I have an RSS feed that's being generated from user entered data. There are many users that are entering in text in Japanese, and most of the time there is no issues. However, there's one particular RSS feed that is displaying the errror:
error on line 25 at column 25: Input is not proper UTF-8, indicate encoding !
Bytes: 0x0B 0x32 0x38 0x20
Note in this particular RSS feed, this is not the first spot in which Japanese characters appear.
I've seen other answers Error: "Input is not proper UTF-8, indicate encoding !" using PHP's simplexml_load_string which suggest trying to change the encoding or some such, but I'm confused as to why the encoding is only failing on this particular feed, and also, if it's because this one person input Japanese encoded in a different manner, how I could I detect when someone inputs in a different way, and selectively fix only those that might cause an issue.
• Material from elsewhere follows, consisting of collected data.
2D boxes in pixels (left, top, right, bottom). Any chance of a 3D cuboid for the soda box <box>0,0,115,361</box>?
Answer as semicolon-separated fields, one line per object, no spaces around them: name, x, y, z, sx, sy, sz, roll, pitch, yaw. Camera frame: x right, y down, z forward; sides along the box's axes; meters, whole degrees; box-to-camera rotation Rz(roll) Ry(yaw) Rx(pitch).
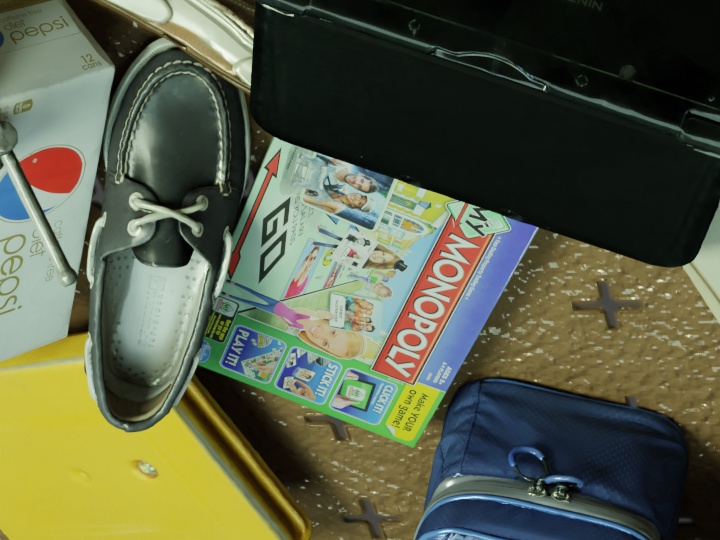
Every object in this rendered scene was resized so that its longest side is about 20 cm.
soda box;-0.175;-0.041;1.195;0.064;0.068;0.200;52;146;28

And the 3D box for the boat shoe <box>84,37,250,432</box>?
boat shoe;-0.097;-0.014;1.182;0.074;0.060;0.200;12;117;-9

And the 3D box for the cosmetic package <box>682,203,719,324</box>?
cosmetic package;0.197;-0.019;1.092;0.073;0.104;0.200;-16;127;31

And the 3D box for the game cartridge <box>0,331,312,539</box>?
game cartridge;-0.149;0.103;1.359;0.200;0.032;0.176;-6;133;37

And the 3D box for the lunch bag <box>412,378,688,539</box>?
lunch bag;0.093;0.162;1.285;0.136;0.132;0.200;11;137;6

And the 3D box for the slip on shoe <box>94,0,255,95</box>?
slip on shoe;-0.054;-0.118;1.097;0.200;0.061;0.076;30;179;-7

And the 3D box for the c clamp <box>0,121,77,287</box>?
c clamp;-0.209;-0.059;1.144;0.200;0.027;0.171;-15;95;59

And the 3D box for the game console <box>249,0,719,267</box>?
game console;0.065;-0.107;0.979;0.200;0.116;0.176;18;96;5

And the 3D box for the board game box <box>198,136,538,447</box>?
board game box;0.000;0.000;1.226;0.135;0.029;0.200;22;137;-4

EDIT: Per this article: http://www.localizingjapan.com/blog/2012/01/30/detecting-and-conveting-japanese-multibyte-encodings-in-php/
I tried adding the following:
if (!mb_check_encoding($content, "UTF-8")) {
$content = mb_convert_encoding($content, "UTF-8",
"Shift-JIS, EUC-JP, JIS, SJIS, JIS-ms, eucJP-win, SJIS-win, ISO-2022-JP,
ISO-2022-JP-MS, SJIS-mac, SJIS-Mobile#DOCOMO, SJIS-Mobile#KDDI,
SJIS-Mobile#SOFTBANK, UTF-8-Mobile#DOCOMO, UTF-8-Mobile#KDDI-A,
UTF-8-Mobile#KDDI-B, UTF-8-Mobile#SOFTBANK, ISO-2022-JP-MOBILE#KDDI");
}
But, it's still reporting as not being properly encoded in utf8.
Edit2: So, I'm extremely confused, because I just had it log what encoding mb_detect_encoding thinks the text is, and it's all coming back as either ASCII (must be other fields, since Japanese cannot be ASCII, obviously), and UTF-8. Do you have any idea why it can think it's UTF-8, but still be getting these encoding errors?